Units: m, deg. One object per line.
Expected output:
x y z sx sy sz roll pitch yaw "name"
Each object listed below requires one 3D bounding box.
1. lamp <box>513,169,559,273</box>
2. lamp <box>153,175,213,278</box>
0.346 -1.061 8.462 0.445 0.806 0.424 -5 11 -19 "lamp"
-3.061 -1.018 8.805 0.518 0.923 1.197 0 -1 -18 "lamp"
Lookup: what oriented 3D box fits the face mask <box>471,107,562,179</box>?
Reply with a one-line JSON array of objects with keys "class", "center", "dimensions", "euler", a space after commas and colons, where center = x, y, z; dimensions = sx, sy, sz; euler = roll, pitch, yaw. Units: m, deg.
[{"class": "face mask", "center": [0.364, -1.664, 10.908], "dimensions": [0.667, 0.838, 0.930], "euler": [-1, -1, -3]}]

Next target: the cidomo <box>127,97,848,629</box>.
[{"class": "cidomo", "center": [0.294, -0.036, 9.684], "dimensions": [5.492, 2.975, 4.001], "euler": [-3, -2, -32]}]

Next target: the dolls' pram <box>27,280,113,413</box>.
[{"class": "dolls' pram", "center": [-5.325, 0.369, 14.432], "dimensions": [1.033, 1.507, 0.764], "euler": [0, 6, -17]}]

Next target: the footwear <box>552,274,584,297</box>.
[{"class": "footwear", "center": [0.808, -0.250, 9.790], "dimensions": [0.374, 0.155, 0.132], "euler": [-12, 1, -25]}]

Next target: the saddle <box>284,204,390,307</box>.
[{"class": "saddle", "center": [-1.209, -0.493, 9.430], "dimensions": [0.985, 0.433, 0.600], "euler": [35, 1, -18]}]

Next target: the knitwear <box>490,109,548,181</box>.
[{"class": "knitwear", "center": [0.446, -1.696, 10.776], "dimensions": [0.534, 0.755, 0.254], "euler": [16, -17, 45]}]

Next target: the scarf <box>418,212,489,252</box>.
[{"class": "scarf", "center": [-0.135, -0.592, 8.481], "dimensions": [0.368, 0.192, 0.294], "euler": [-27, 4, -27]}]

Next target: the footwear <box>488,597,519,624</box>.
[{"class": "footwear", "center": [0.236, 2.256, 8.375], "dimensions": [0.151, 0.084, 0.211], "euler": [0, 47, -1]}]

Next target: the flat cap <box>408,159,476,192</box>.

----

#### [What you have to do]
Begin with the first line of the listing above and write out each line exactly, ending with the line that contains "Lookup: what oriented".

#### [Exercise response]
Units: m, deg. One object per line.
Expected output:
x y z sx sy sz roll pitch yaw "name"
Each object listed below requires one 3D bounding box.
1. lamp <box>513,169,559,273</box>
2. lamp <box>153,175,213,278</box>
0.346 -1.061 8.462 0.445 0.806 0.424 -5 11 -19 "lamp"
-3.061 -1.018 8.805 0.518 0.923 1.197 0 -1 -18 "lamp"
Lookup: what oriented 3D box fits the face mask <box>471,107,562,179</box>?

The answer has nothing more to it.